The results of potentiometric titrations did not allow to determine β_11-2 which would correspond to formation of the monoester with deprotonated second boronic acid group (6 in Scheme 1). This means low degree of formation of this species. Without this equilibrium constant we cannot, however, calculate the K_tet2 value corresponding to formation of the final dianionic diester 7 (Scheme 1), but the overall stability of this species should be very large as follows from the species distribution diagrams shown for 1 in Figure 3. This Figure illustrates the species distribution diagrams for interaction of 1 with glucose and fructose. It shows the degree of formation of distinct species as percentage of total concentration of the receptor at variable pH calculated for 0.1 mM receptor and excess of a sugar (10 mM for glucose and 1 mM for more tightly bound fructose) using the equilibrium constants from Table 1. For comparison, the dashed lines show calculated profiles for phenylboronic acid in water.

Figure 3

Species distribution diagrams for 0.1 mM receptor 1 in the presence of 10 mM glucose (A) or 1 mM fructose (B) in 50% v/v DMSO/water.

Red lines show the relative concentrations of boronate esters. Dashed lines show the distribution curves calculated for phenylboronic acid in water with the same concentrations of sugars.

Let us consider first the results for glucose (Figure 3A). The distribution curve for monoester 5 reaches the maximum of 40% at pH 9.7 and then goes down with concomitant increase in the fraction of the diester 7. The fraction of mono-deprotonated 1 reaches the maximum of 6% at the same pH and the doubly deprotonated form as well as the ester 6 do not contribute noticeably at any pH. Instead, a rapid growth of the fraction of diester 7 which exceeds 90% above pH 11 is observed. Such behavior may be observed if both K_tet2 and K′_tet1 are larger than K_tet1. Currently, we cannot provide a satisfactory explanation for this phenomenon, but it is in line with our previous observation of co-operative formation of diester of 1,4-benzenediboronic acid with a catechol ligand [26]. Comparison of distribution curves for 1 with those for phenylboronic acid at first glance indicate worse performance of the former since the distribution curves for it are shifted to higher pH values. It must be considered, however, that the presence of DMSO as a co-solvent shifts the autoprotolysis constant of water (pK_w) and therefore shifts the whole scale of pH [27]. In 50% (v/v) DMSO the value of pK_w equals 15.9 instead of 13.8 in water (at ionic strength 0.1 M) which means that solutions of equal basicity have pH values by 2.1 units higher in 50% DMSO than in pure water. Thus, for a typical ‘physiological’ pH of 7.4 in water the equivalent value in 50% DMSO is pH 9.5. As can be seen from Figure 3A the degree of ester formation of phenylboronic acid with glucose at pH 7.4 is only about 4% while at pH 9.5 in 50% DMSO the total degree of ester formation (5+7, see Scheme 1) is about 70%.

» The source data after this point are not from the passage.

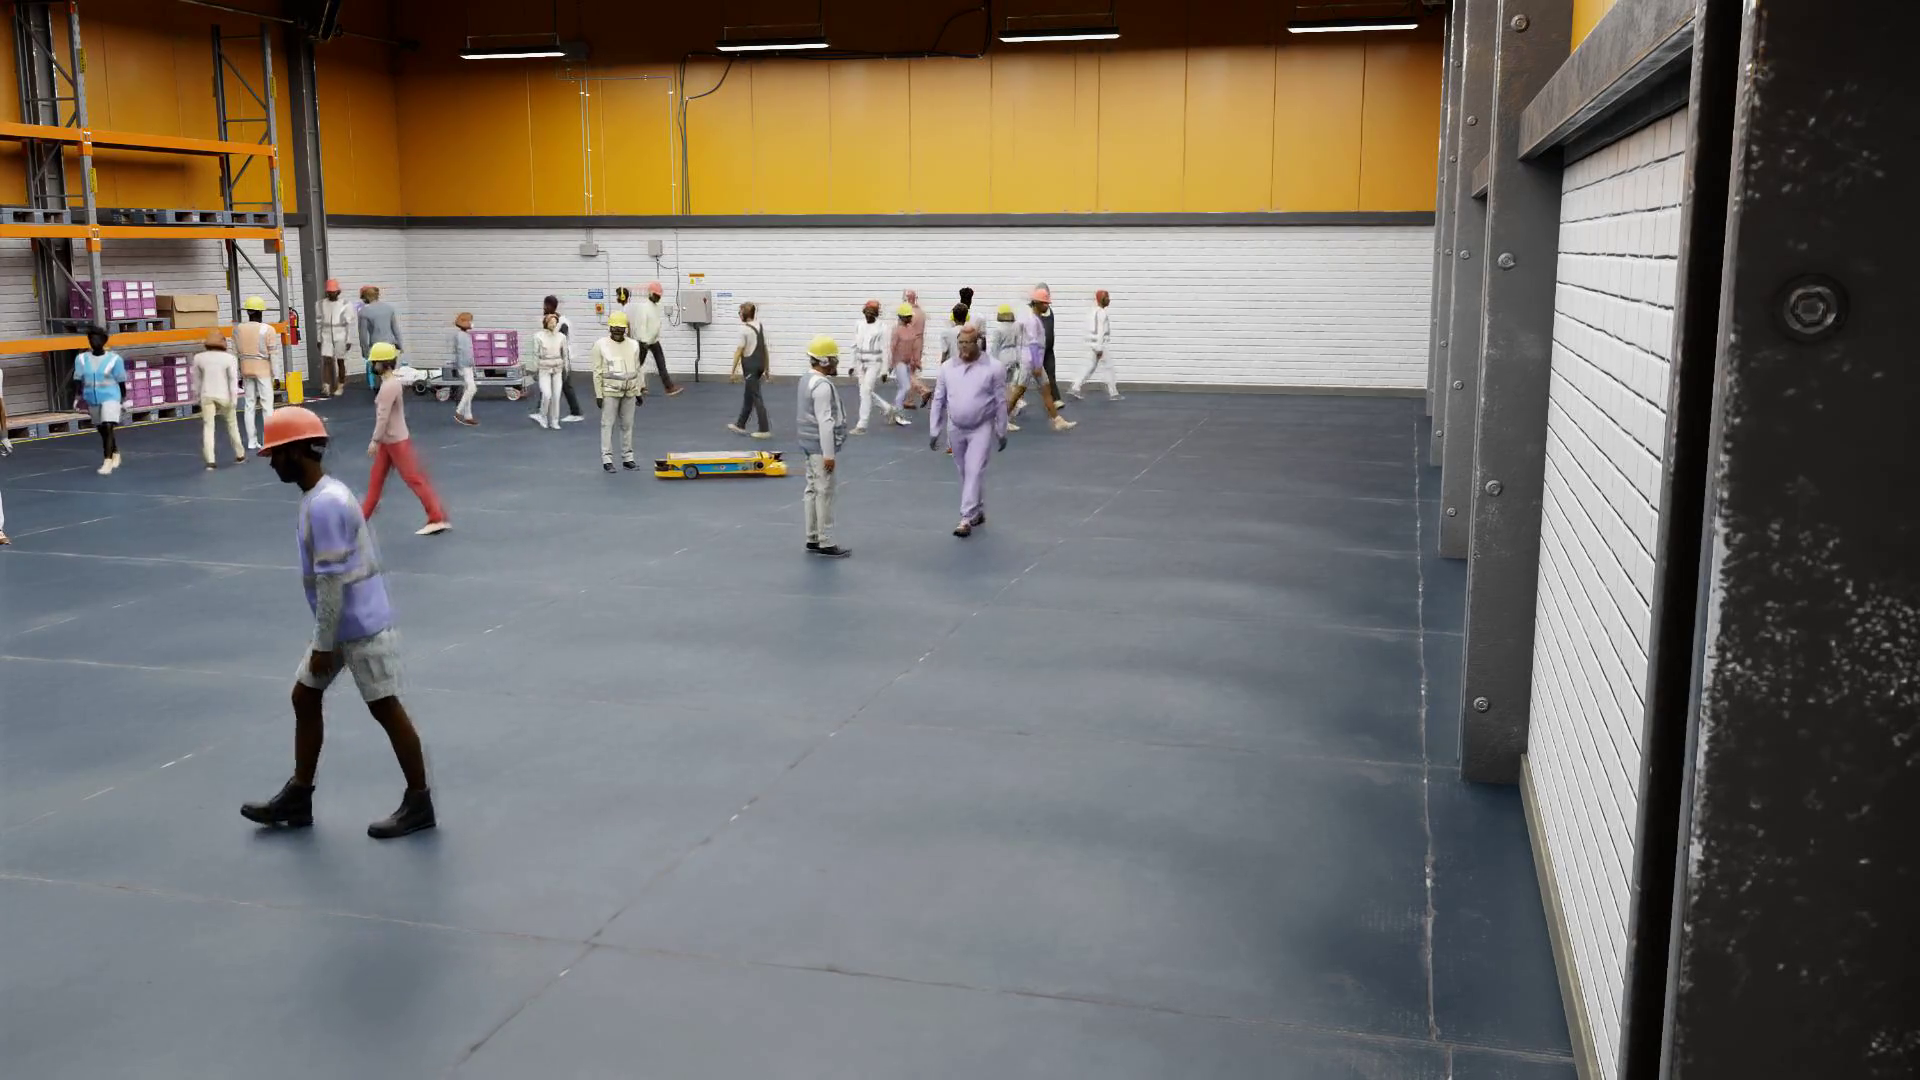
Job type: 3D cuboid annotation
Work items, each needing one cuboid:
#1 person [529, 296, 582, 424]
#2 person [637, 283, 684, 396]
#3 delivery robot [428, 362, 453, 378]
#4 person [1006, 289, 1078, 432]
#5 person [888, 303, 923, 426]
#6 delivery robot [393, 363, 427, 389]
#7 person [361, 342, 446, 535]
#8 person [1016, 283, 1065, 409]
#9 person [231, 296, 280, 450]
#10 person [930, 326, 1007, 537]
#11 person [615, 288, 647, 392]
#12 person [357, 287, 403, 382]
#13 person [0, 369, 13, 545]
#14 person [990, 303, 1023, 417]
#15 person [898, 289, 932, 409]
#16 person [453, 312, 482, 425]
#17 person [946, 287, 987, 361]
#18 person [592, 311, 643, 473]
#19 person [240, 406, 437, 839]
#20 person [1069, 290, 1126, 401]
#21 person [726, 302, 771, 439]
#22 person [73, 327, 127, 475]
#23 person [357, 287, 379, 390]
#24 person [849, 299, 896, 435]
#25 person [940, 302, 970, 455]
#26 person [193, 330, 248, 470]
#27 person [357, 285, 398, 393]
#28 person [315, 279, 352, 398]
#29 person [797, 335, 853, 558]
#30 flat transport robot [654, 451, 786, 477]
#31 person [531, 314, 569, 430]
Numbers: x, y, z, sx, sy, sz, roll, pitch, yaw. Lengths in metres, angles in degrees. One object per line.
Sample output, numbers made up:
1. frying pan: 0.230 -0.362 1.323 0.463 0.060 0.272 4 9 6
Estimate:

In case of fructose with a much higher K_tet1 value an increased degree of ester formation is observed for 1 as compared to phenylboronic acid already at pH around 7 in both media (Figure 3B). At higher pH values the complexation of 1 becomes nearly quantitative with low fraction of free boronic acid anion. These results show that receptor 1 could serve as a sensitive sensor for fructose, but it lacks suitable spectral properties. The problem can be solved by using an indicator displacement assay. We chose as an indicator the most popular catechol-type dye alizarin red S (ARS) [23], [28]. Figure 4 shows the results of spectrophotometric titration of ARS by 1 at pH 8 which demonstrates characteristic blue shift of the absorption maximum. Fitting of the titration results to equation (4) allowed us to calculate the association constant K=(4.6±0.4)×10⁴M⁻¹. The fitting to equation (4), which implies a 1:1 complexation equilibrium was possible because in this experiment an excess of receptor to the guest was employed and therefore predominantly a 1:1 complex was formed. For isomeric receptor 2, K=(3.0±0.3)×10⁴M⁻¹ was obtained. The respective binding constant of ARS to phenylboronic acid in water at pH 7.4, K=1.5×10³M⁻¹ [23], is much lower. Additions of fructose to the mixture of 1 and ARS

Figure 4

Spectrophotometric titration of 0.1 mM ARS with 1 in 50% v/v DMSO/water at pH 8.0.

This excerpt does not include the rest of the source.